# Module 1 - Manipulating data with Pandas
## Pandas Part 2

![austin](http://www.austintexas.gov/sites/default/files/aac_logo.jpg)

## Scenario:
You have decided that you want to start your own animal shelter, but you want to get an idea of what that will entail and get more information about planning. In this lecture, we are continue to look at a real data set collected by Austin Animal Center over several years and use our pandas skills from the last lecture and learn some new ones in order to explore this data further.
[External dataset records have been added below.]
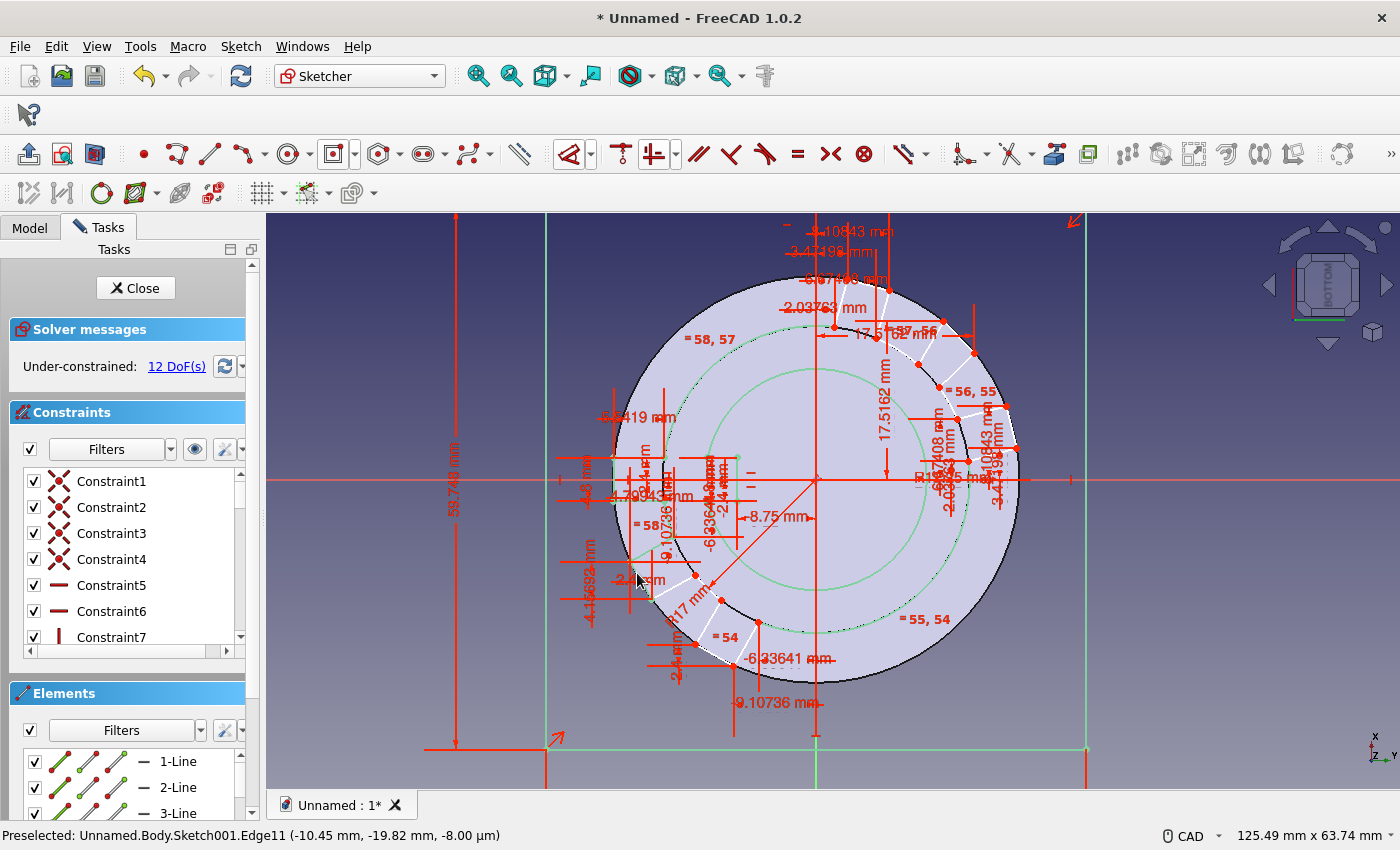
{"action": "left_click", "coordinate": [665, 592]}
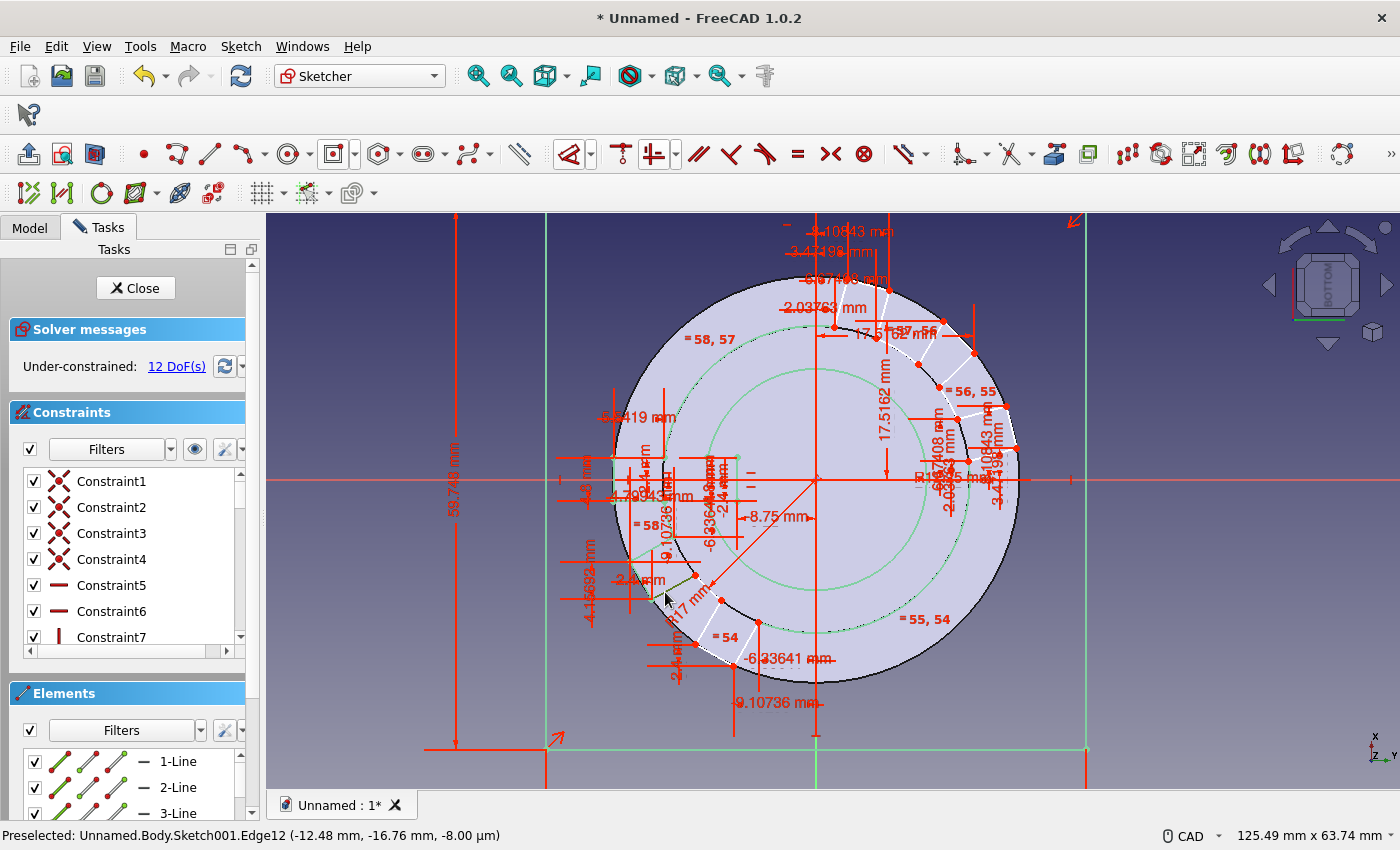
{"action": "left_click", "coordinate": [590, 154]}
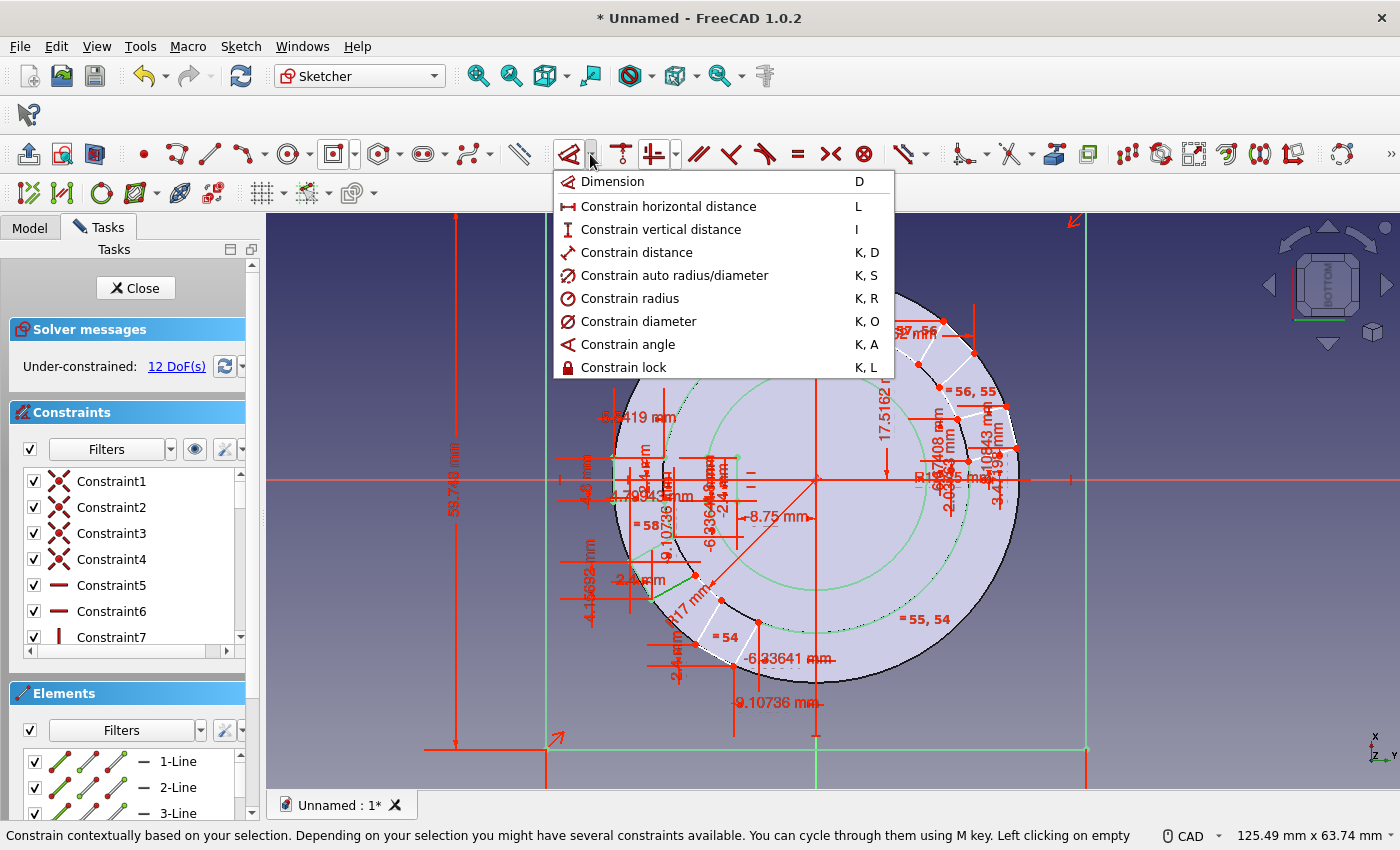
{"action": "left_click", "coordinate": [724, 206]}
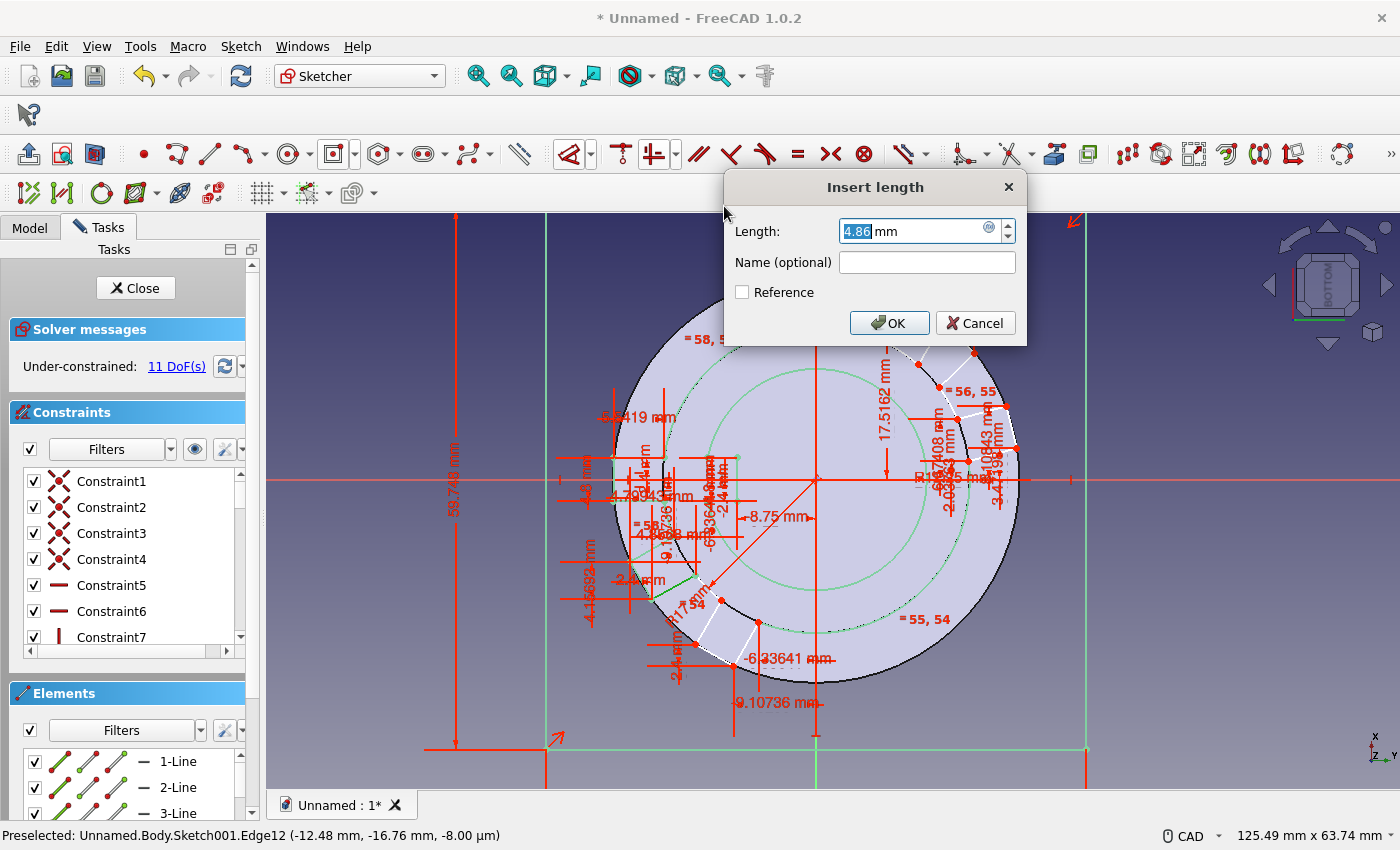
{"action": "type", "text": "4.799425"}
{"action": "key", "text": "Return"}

#### _Our goals today are to be able to_: <br/>

Use the pandas library to:

- Get summary info about a dataset and its variables
  - Apply and use info, describe and dtypes
  - Use mean, min, max, and value_counts 
- Use apply and applymap to transform columns and create new values

- Explain lambda functions and use them to use an apply on a DataFrame
- Explain what a groupby object is and split a DataFrame using a groupby
- Reshape a DataFrame using joins, merges, pivoting, stacking, and melting


## Getting started

Let's take a moment to examine the [Austin Animal Center data set](https://data.austintexas.gov/Health-and-Community-Services/Austin-Animal-Center-Outcomes/9t4d-g238/data). What kinds of questions can we ask this data and what kinds of information can we get back?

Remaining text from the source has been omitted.